═════ MATERIAL SUPPLIED

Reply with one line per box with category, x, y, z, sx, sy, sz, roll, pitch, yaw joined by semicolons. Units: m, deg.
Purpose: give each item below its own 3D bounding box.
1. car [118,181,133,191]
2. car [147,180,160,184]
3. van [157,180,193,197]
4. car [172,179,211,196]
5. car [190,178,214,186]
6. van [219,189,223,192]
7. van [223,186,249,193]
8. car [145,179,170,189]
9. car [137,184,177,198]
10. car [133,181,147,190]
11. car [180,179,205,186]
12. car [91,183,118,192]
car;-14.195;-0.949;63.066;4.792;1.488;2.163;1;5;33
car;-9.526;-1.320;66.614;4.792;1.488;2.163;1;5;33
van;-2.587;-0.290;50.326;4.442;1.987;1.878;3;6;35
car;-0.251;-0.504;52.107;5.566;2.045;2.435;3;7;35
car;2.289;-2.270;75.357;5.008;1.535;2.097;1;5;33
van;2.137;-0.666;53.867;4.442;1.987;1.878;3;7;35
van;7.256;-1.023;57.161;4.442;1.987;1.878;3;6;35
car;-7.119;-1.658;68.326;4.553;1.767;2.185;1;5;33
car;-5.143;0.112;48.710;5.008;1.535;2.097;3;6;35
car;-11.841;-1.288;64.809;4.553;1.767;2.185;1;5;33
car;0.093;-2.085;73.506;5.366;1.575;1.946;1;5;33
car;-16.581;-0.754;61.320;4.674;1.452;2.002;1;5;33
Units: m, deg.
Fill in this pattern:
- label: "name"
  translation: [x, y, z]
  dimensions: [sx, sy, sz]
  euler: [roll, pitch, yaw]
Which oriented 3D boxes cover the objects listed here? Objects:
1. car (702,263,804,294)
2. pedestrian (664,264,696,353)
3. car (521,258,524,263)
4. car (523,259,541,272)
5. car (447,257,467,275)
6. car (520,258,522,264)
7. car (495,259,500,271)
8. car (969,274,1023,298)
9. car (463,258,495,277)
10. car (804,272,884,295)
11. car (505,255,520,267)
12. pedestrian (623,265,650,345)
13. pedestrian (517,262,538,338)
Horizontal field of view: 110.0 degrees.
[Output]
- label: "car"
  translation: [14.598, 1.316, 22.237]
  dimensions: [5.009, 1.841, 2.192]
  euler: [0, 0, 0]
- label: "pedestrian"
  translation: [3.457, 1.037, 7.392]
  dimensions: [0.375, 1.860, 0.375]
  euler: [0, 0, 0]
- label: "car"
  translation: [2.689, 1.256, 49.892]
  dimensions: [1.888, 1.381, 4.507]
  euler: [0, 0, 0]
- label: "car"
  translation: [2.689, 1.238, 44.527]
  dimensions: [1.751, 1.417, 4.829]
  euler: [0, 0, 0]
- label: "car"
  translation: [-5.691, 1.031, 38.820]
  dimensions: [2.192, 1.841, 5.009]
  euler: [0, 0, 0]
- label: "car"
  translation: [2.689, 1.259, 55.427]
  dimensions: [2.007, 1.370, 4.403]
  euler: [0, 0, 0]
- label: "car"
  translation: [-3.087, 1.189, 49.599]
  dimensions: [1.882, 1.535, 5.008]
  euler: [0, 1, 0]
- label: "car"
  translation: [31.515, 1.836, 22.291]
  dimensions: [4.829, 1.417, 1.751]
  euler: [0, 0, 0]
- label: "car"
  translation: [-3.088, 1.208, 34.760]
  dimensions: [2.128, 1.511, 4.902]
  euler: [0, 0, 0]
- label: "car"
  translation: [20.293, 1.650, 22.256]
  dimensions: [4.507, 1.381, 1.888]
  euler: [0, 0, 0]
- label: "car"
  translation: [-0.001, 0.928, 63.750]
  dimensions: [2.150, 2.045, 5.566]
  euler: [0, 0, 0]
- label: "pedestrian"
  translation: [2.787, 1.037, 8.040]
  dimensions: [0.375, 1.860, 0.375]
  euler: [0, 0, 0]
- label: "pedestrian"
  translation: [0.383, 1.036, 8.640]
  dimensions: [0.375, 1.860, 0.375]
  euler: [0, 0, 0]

══════════

**WORK TO COMPLETE:** Report every line in the data above in which the word "roll" appears.

**SOLUTION BELOW:**
Reply with one line per box with category, x, y, z, sx, sy, sz, roll, pitch, yaw joined by semicolons. Units: m, deg.
  euler: [roll, pitch, yaw]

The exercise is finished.